Sobrevivimos a base de paisajes en un pueblo que se desarticula a sí mismo, que parece moverse en sentido contrario al tiempo y se desarma lentamente como si fuese un rompecabezas confundido. Sobrevivimos en un pueblo donde bloque a bloque, piedra a piedra, las casas y las calles se desarticulaban lentamente, pero a la vez, cada vez más rápidamente. Donde los muros y los techos iban colapsando a la par que la maleza y las montañas de escombro crecían alegremente.
Sobrevivimos a base de un constante, un eterno movimiento, en un lugar que avanzaba dulcemente hacia atrás, hacia donde ya no hay tiempo, ni futuro, ni hay nada. Un lugar que iba avanzando alegre o indiferentemente en la cruel carrera para dejar de ser. Un lugar donde hasta las montañas se desarticulaban a sí mismas y colapsaban de afuera hacia adentro, hasta que desaparecían por completo y desperdigaban mares de polvo. Un lugar donde los ríos y los manantiales no se veían más porque huyeron primero cuesta arriba y luego fueron sepultados por las entrañas de las montañas colapsadas. Un lugar donde hasta la gente parecía irse desdoblando hacia atrás. De forma que lo que en un principio fue un pueblo bienaventurado, lleno de niños, se convirtió en un lugar desolado donde lo único que iba naciendo eran más viejos y muertos. Un lugar donde incluso ellos fueron desvaneciéndose también por las veredas y los caminos que, no pudieron devolverlos nunca más a sus hogares porque se devoraron a sí mismos a su paso.
Sobrevivimos a base de poemas en un lugar donde las palabras y los cantos pasaron de ser versos y endecasílabos con ritmo y cadencia, para convertirse en gruñidos y aullidos salvajes, que por fin dieron lugar al silencio más pesado que cayó sobre la tierra. Sobrevivimos en un lugar que se desarticulaba y avanzaba siempre devorándose a sí mismo, a sabiendas de que eventualmente la feroz fauce del tiempo nos hendiría sus dientes a nosotros también para que fuéramos polvo y polvo, átomo de su mismo átomo; silencio de su silencio. Sobrevivimos en medio de la caída y no podíamos dejar de caer.
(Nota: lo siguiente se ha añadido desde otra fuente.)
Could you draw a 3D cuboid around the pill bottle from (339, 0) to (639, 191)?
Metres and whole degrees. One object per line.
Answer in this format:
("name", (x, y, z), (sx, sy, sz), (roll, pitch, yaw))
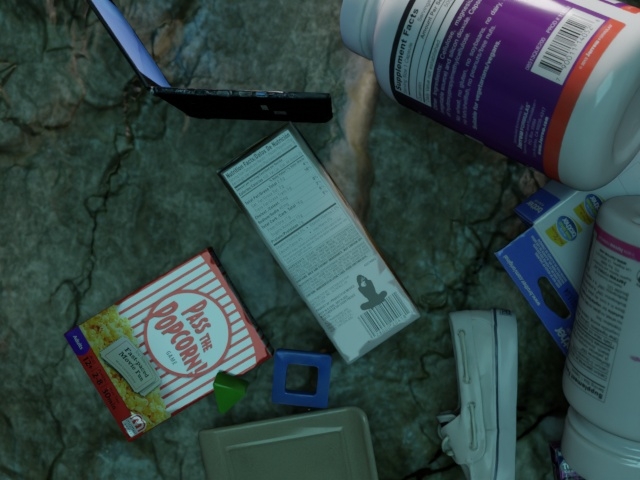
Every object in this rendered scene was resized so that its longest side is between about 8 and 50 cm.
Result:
("pill bottle", (0.182, -0.192, 1.004), (0.323, 0.181, 0.181), (31, 92, 28))

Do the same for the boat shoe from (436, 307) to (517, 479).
("boat shoe", (0.174, 0.210, 1.102), (0.088, 0.096, 0.268), (2, 91, 4))

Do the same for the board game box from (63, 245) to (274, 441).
("board game box", (-0.173, 0.118, 1.125), (0.193, 0.045, 0.147), (-32, 92, 1))

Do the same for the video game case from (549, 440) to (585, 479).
("video game case", (0.394, 0.324, 1.129), (0.232, 0.042, 0.210), (-8, 92, 1))

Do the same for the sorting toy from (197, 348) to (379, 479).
("sorting toy", (-0.029, 0.281, 1.121), (0.196, 0.047, 0.348), (-9, 105, 5))

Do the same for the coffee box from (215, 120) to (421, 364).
("coffee box", (0.000, 0.000, 1.073), (0.098, 0.141, 0.246), (-34, 90, 2))

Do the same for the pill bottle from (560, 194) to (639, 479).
("pill bottle", (0.341, 0.108, 1.007), (0.160, 0.160, 0.283), (6, 110, 0))

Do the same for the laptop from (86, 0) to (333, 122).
("laptop", (-0.117, -0.202, 1.018), (0.264, 0.234, 0.137), (2, 93, 1))

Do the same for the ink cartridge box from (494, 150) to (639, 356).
("ink cartridge box", (0.348, -0.025, 1.078), (0.311, 0.065, 0.186), (-39, 115, 0))
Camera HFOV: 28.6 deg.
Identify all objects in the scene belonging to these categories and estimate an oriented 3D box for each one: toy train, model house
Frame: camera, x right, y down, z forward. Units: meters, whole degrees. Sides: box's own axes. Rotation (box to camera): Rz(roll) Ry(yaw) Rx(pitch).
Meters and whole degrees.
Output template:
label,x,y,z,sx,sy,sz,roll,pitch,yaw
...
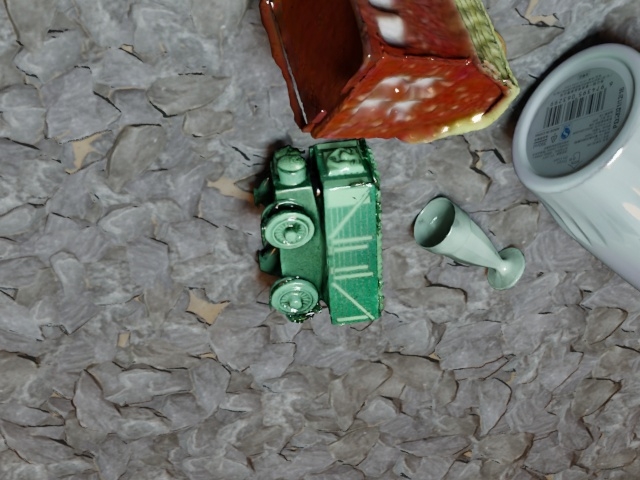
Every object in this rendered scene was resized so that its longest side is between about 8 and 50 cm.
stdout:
label,x,y,z,sx,sy,sz,roll,pitch,yaw
toy train,0.000,0.000,1.560,0.154,0.115,0.269,-7,129,-4
model house,0.087,-0.217,1.335,0.254,0.196,0.160,3,147,-36

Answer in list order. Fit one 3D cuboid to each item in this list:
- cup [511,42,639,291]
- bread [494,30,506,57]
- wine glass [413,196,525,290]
label,x,y,z,sx,sy,sz,roll,pitch,yaw
cup,0.427,-0.062,1.549,0.371,0.253,0.253,30,115,-31
bread,0.169,-0.214,1.493,0.110,0.024,0.110,-9,130,-11
wine glass,0.197,0.009,1.656,0.073,0.073,0.155,-43,129,19

Llevábamos el fin del mundo con nosotros mismos, llevábamos a la serpiente que lo devoraba y emponzoñaba todo. Vimos cada cosa desvanecerse. Adiós, adiós. Extrañamos y envidiamos esa vida sin nosotros, ya para siempre sin nosotros. Piedra a piedra, palabra a palabra, uno a uno, los vimos irse a todos y a todo por igual. Todo lo que era bueno y puro, o no, todo lo que no era ni bueno ni puro, pero que precisamente por eso representaba un exquisito infierno que nos abrazaba y protegía; todo eso se fue. Vimos desaparecer eso también.
Y al principio no lo comprendimos, nos aferramos, quisimos creer. Convencernos en contra de toda evidencia, de que podíamos creer. Pero poco. Despierten está muerta. Y no, no murió por su propia mano. Murió una suave muerte. Y sin embargo, al fin, una muerte. Murió una suave muerte quizás, caricia a caricia, beso a beso. La fuimos desintegrando. Y es que no, no sabíamos. No podíamos saberlo. No sabíamos entonces, que al tratar de delinearla con las yemas de nuestros dedos al recorrer su cuerpo, no estábamos esculpiendo un futuro, sino desintegrando un presente, disolviéndolo todo en polvo del pasado.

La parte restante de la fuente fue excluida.